My family was on vacation at the time, camping in Rocky Mountain National Park, but they tell me another family in the campground put a TV on top of their van and everybody gathered round to watch the landing.

Avatar
Elizabeth Moon
15 years ago

I was active duty in the USMC at the time, living in the BOQ at Quantico. My roommate and I, to avoid the crush around the TV in the bar, rented a room in a motel in Triangle for the night so we’d have a TV to ourselves. We brought in pizza and sodas, and I quoted chunks of Heinlein from memory.

I really thought then there was a chance of being there myself someday, in spite of being near-sighted and female.

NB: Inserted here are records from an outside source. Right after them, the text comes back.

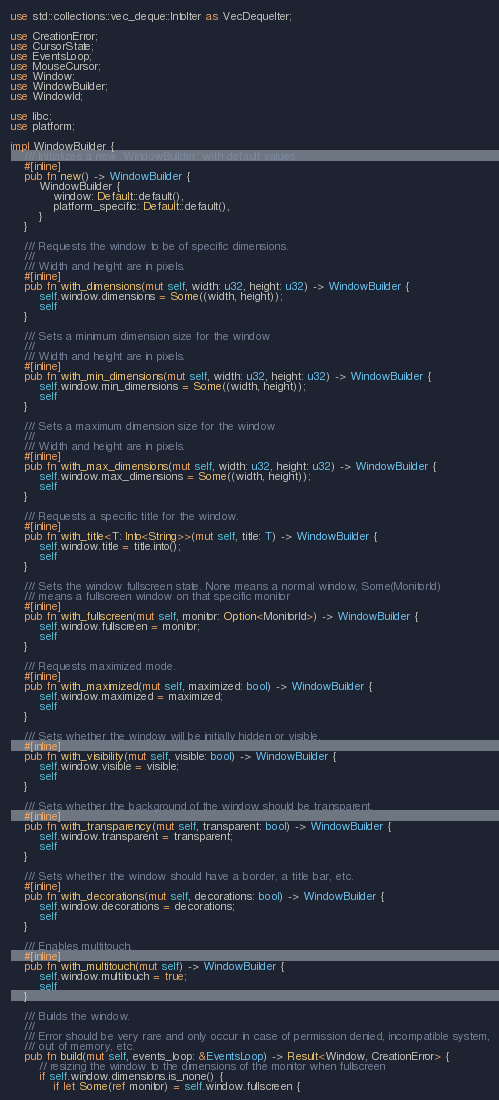Convert code to text. <code><loc_0><loc_0><loc_500><loc_500><_Rust_>use std::collections::vec_deque::IntoIter as VecDequeIter;

use CreationError;
use CursorState;
use EventsLoop;
use MouseCursor;
use Window;
use WindowBuilder;
use WindowId;

use libc;
use platform;

impl WindowBuilder {
    /// Initializes a new `WindowBuilder` with default values.
    #[inline]
    pub fn new() -> WindowBuilder {
        WindowBuilder {
            window: Default::default(),
            platform_specific: Default::default(),
        }
    }

    /// Requests the window to be of specific dimensions.
    ///
    /// Width and height are in pixels.
    #[inline]
    pub fn with_dimensions(mut self, width: u32, height: u32) -> WindowBuilder {
        self.window.dimensions = Some((width, height));
        self
    }

    /// Sets a minimum dimension size for the window
    ///
    /// Width and height are in pixels.
    #[inline]
    pub fn with_min_dimensions(mut self, width: u32, height: u32) -> WindowBuilder {
        self.window.min_dimensions = Some((width, height));
        self
    }

    /// Sets a maximum dimension size for the window
    ///
    /// Width and height are in pixels.
    #[inline]
    pub fn with_max_dimensions(mut self, width: u32, height: u32) -> WindowBuilder {
        self.window.max_dimensions = Some((width, height));
        self
    }

    /// Requests a specific title for the window.
    #[inline]
    pub fn with_title<T: Into<String>>(mut self, title: T) -> WindowBuilder {
        self.window.title = title.into();
        self
    }

    /// Sets the window fullscreen state. None means a normal window, Some(MonitorId)
    /// means a fullscreen window on that specific monitor
    #[inline]
    pub fn with_fullscreen(mut self, monitor: Option<MonitorId>) -> WindowBuilder {
        self.window.fullscreen = monitor;
        self
    }

    /// Requests maximized mode.
    #[inline]
    pub fn with_maximized(mut self, maximized: bool) -> WindowBuilder {
        self.window.maximized = maximized;
        self
    }

    /// Sets whether the window will be initially hidden or visible.
    #[inline]
    pub fn with_visibility(mut self, visible: bool) -> WindowBuilder {
        self.window.visible = visible;
        self
    }

    /// Sets whether the background of the window should be transparent.
    #[inline]
    pub fn with_transparency(mut self, transparent: bool) -> WindowBuilder {
        self.window.transparent = transparent;
        self
    }

    /// Sets whether the window should have a border, a title bar, etc.
    #[inline]
    pub fn with_decorations(mut self, decorations: bool) -> WindowBuilder {
        self.window.decorations = decorations;
        self
    }

    /// Enables multitouch.
    #[inline]
    pub fn with_multitouch(mut self) -> WindowBuilder {
        self.window.multitouch = true;
        self
    }

    /// Builds the window.
    ///
    /// Error should be very rare and only occur in case of permission denied, incompatible system,
    /// out of memory, etc.
    pub fn build(mut self, events_loop: &EventsLoop) -> Result<Window, CreationError> {
        // resizing the window to the dimensions of the monitor when fullscreen
        if self.window.dimensions.is_none() {
            if let Some(ref monitor) = self.window.fullscreen {</code>

Would I now? Yup.

Avatar
DonnaBL
15 years ago

I can’t remember what I was doing a year ago…but I can say for sure that 40 years ago, I was almost on my way out to say hello to the world, August 5th to be exact.

Happy Anniversary Tor.com!

Avatar
greg0
15 years ago

I went next door to the neighbor’s big television and took a few pictures with an old Kodak camera! Fuzzy B&W but authentic enough for me.
I’ve expected a lot more from the future than what has transpired. Is it time to go to Mars yet?

Avatar
Greg Back
15 years ago

I was 12, living with my family in a trailer park near Tampa, FL, the day the LEM touched down. I watched the coverage on a fuzzy black-and-white TV, totally engrossed, while my Mom and Dad watched without really seeing. My dad is gone now, but neither of them remembered much about the moon landing, because they were preoccupied with my little sister, Donna, 10, who was fighting for her life against Cystic Fibrosis. She won that particular battle, recovering from yet another bout of pneumonia, but lost the war less than five months later.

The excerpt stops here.